In 1968, my first year as a Morocco X Peace Corps volunteer, I and the other volunteers in this program worked as agricultural extension agents assigned to Moroccan government farming centers, in my case near the town of Sidi Kacem. Towards the end of this first year, the PC volunteers in this agriculture-focused program were widely dissatisfied. Generally the program and our assignments were not working. With participation by the Morocco Peace Corps director, the volunteers met and successfully insisted that the program be terminated with volunteers free either to stay at their current assignment or transfer to another job somewhere in the country. Thus in my second year of Peace Corps service, I ended up in the capital city, Rabat, teaching English to university students in a modest program which I really enjoyed.
For the first time, people were no longer puzzled by my presence. Suddenly my being in Morocco made sense, both to them and to me. I loved Rabat, an absolutely beautiful city. I walked or bicycled its streets daily. Though fellow volunteers and a few British adventurers were my steady friends, two quite different Moroccans also became friends.
One was a high school student who invited me more than once to his home and who had long conversations with me in Arabic. I wrote back home to my father’s Rotary club in Montana asking for the club to make a donation to help this student go on to the university. I got no response. I ended up making a secret donation of my own which I pretended was from the club.
The other Moroccan friend was originally from the Sous, a dry, poorer southern region of Morocco. When I met him, he was working in his father’s café located near the entrance to Rabat’s medina, the part of the city that existed before the French arrived and built their adjoining French quarter.
Mohammed could always be found sitting behind the cash register at the entrance to the café. He had become friends with some of my British friends and had taught himself English, being more accomplished in English than French, which was astounding, because French was the default second language in Morocco.
Mohammed eventually led me to understand that in some ways he felt imprisoned by the patriarchal culture of his family. For example, he could not marry until his older brother married, and his role in his family’s business was mandatory. ln addition I also began to wonder whether, coming as he did from a poorer region of the country, he also felt a little alienated from the Rabat city culture. So in searching for his way forward, he had not only cultivated friendships with Brits and Americans, but also eventually (after my Peace Corps tour was over) moved to London and found himself totally overwhelmed by the enormity and impersonal nature of that world metropolis. He lasted there for six months and when he returned to Morocco and got off the plane, he kissed the ground, so grateful to be back.

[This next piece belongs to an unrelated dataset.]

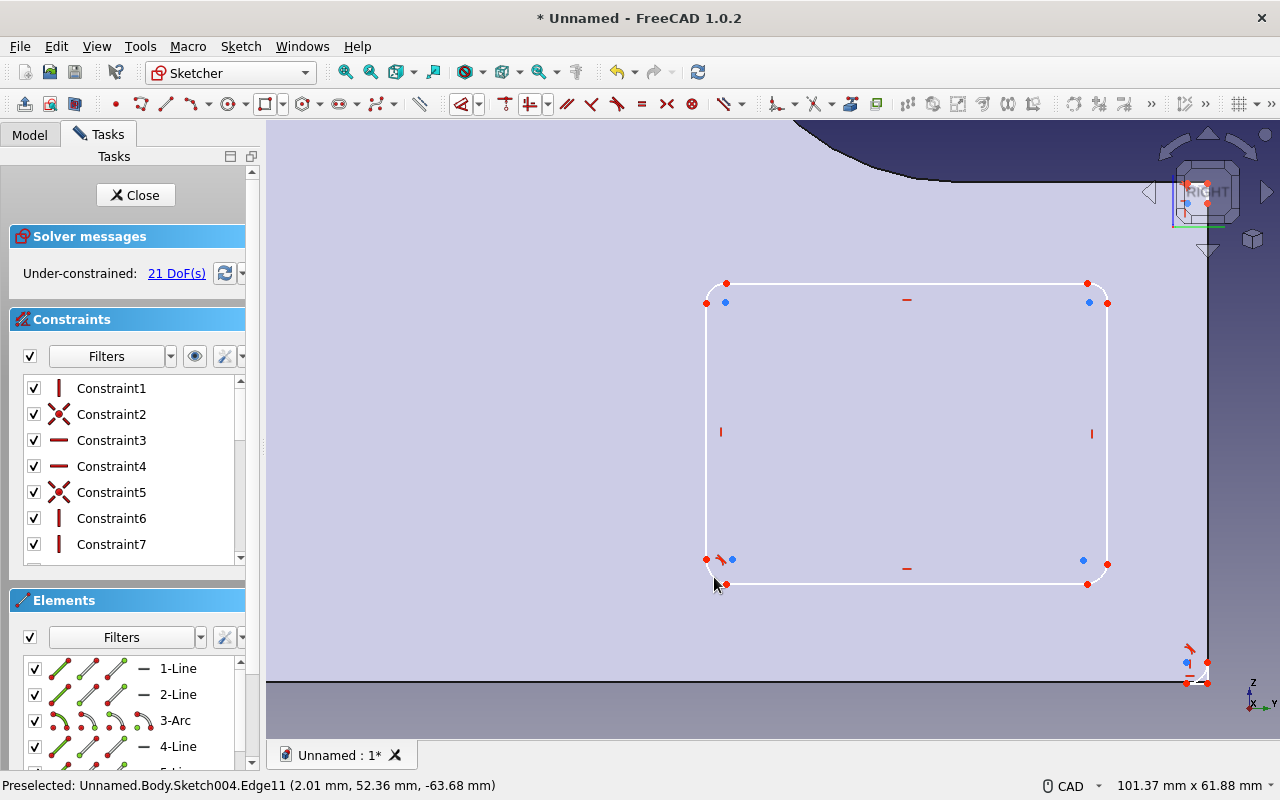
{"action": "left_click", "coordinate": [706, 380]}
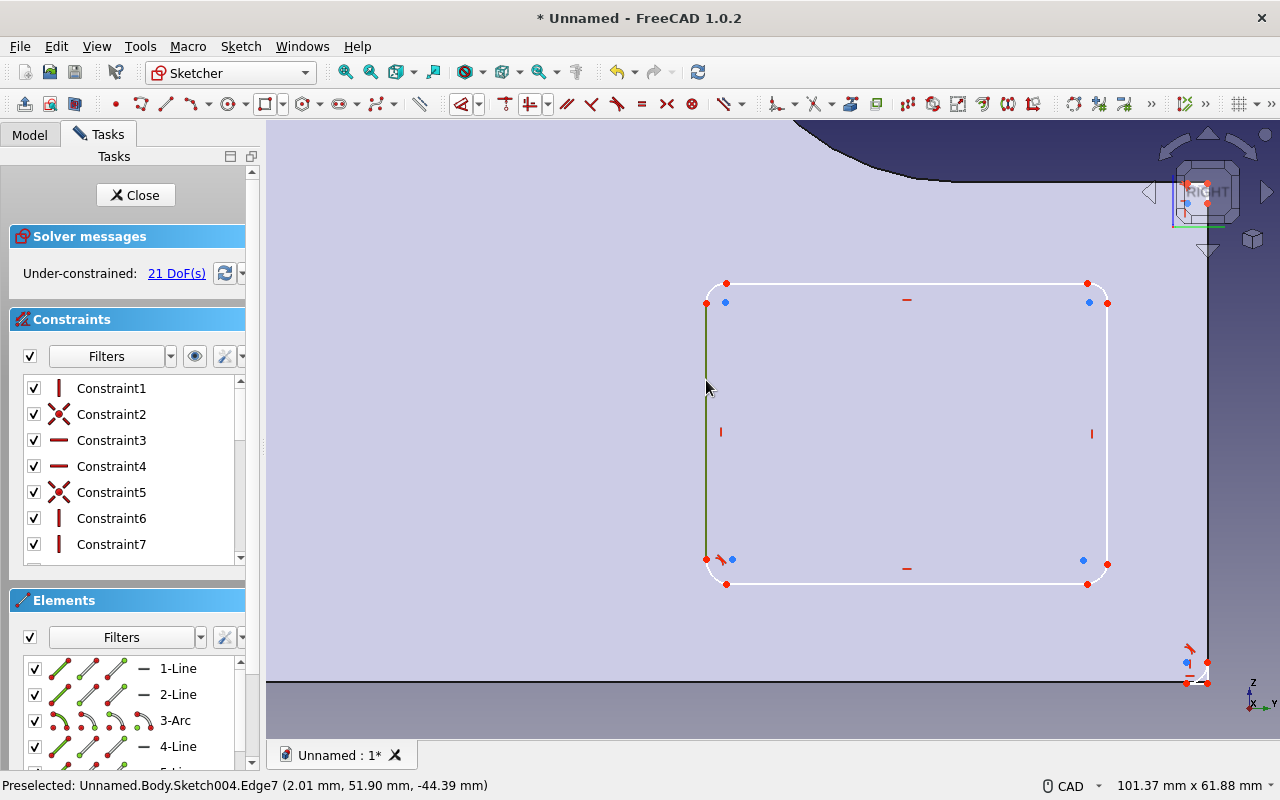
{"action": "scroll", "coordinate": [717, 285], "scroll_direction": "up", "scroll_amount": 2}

I know this because nine years after the end of my 1968-1970 Peace Corps tour, my wife and I visited Morocco and we looked Mohammed up. We found him still sitting behind that damn cash register. He was happy to see us and arranged to meet after work, and over the course of the next several days, we had extended visits. He gave me considerable insight into his own situation as well as commentary on Morocco seen from within the tensions of his own perspective.
He started out by telling me I had changed his life. How, I asked, astonished. He said I had left him my Peace Corps book locker and he had read a lot of the books, including books on philosophy. He said this reading, plus his time in England, had helped him understand the Western idea of individualism—an idea alien to his own family and upbringing and to some extent to the Morocco he knew. He had later returned to London a second time for a more extended stay but did again eventually return home to Rabat. He explained that he was not going to introduce my wife and me to his family because the tension between his relationship to his family and his relationship to us made him too uncomfortable.
He also commented that there were people in Rabat today (in 1979) who thought the Tour Hassan, an enormous abandoned mosque tower, was so high that it could only have been built by jnun, the powerful invisible sprites that a great many Moroccans believed in.
He also said that gleaming Europe, a stone’s throw away on the other side of the Mediterranean, seemed to many Moroccans (at least in his estimation) not merely a more advanced civilization but a different planet inhabited by a different species with superhuman powers.
Morocco harbors a very wide variation in its population, ranging from cosmopolitan people who often speak French rather than Arabic at home, to peasant farmers who, at least in my day, were still living with an almost medieval understanding of the world. I don’t present my friend Mohammed’s comments as an accurate or even fair portrayal of a complex and very interesting country. I do think, however, that they show the uncomfortable tension that he carried, as a Moroccan, between the patriarchal culture of his upbringing and the individualistic culture of the West. I would guess these tensions are widespread and shed at least indirect light on the clash in recent decades between the Arab world and the West.
Like most former volunteers, I remember my years in the Peace Corps and the country in which I served with gratitude and affection.
Living in Morocco changed my life for the better. I came to realize how very different cultures in other parts of the world could be, that the standards of my American culture were not bindingly final, and how irredeemably American I was.